- Problem to work on: The answer must be an exact copy of the records, with no pictures in it.

- Information:
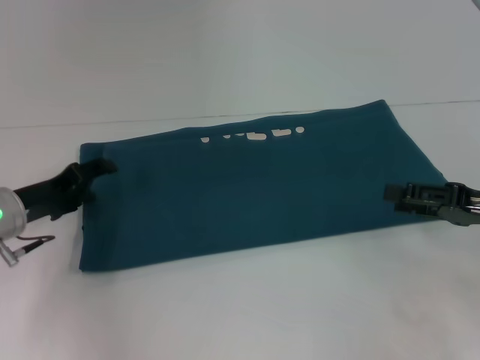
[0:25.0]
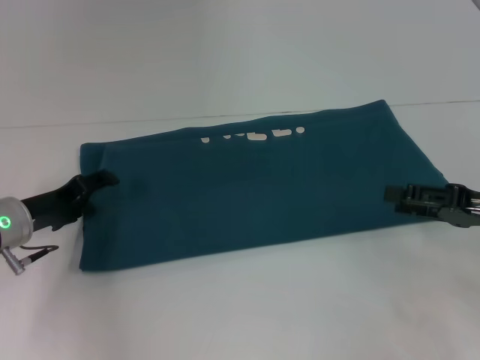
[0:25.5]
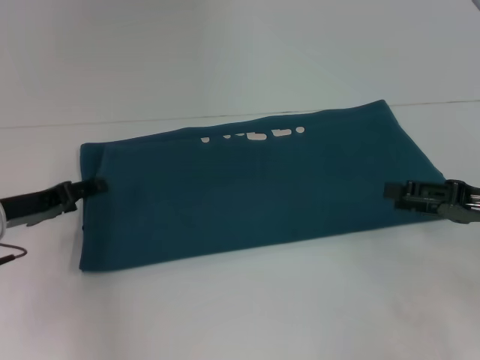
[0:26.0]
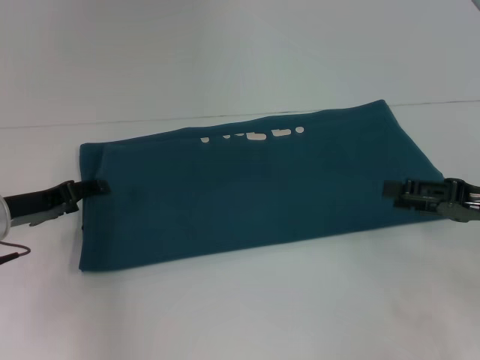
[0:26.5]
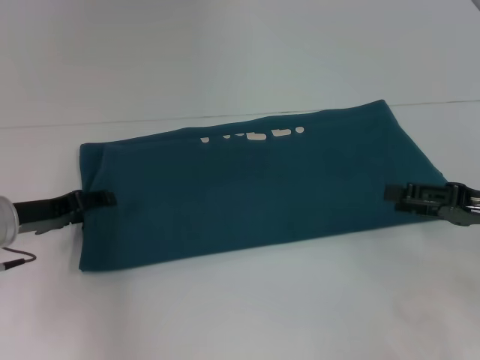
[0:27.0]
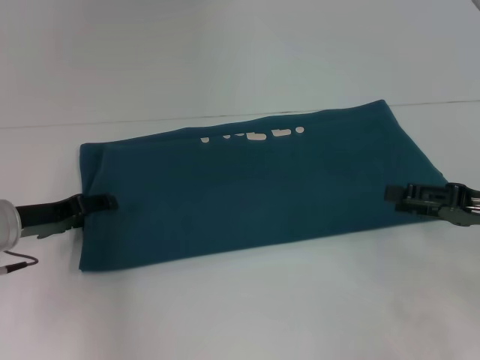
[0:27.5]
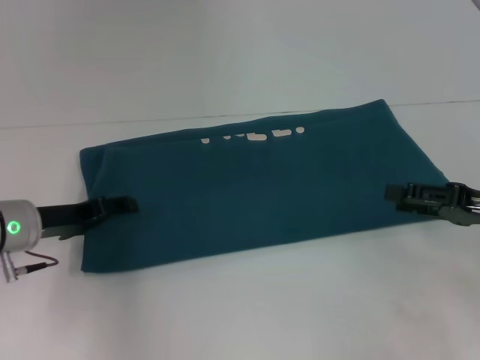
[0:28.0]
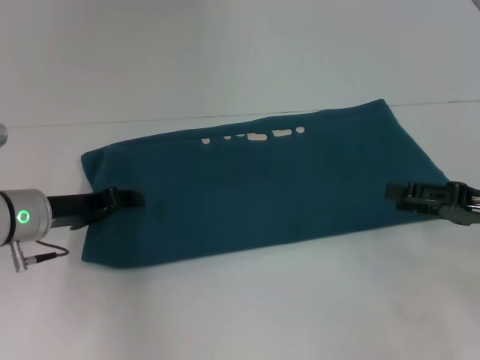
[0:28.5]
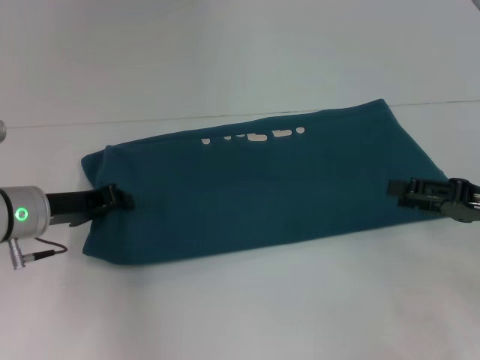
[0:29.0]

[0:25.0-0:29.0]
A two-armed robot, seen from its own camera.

- Solution to this task:
[0:25.0]
[0:25.5]
[0:26.0]
[0:26.5]
[0:27.0]
[0:27.5]
[0:28.0]
[0:28.5]
[0:29.0]

[0:25.0-0:29.0]
A two-armed robot, seen from its own camera.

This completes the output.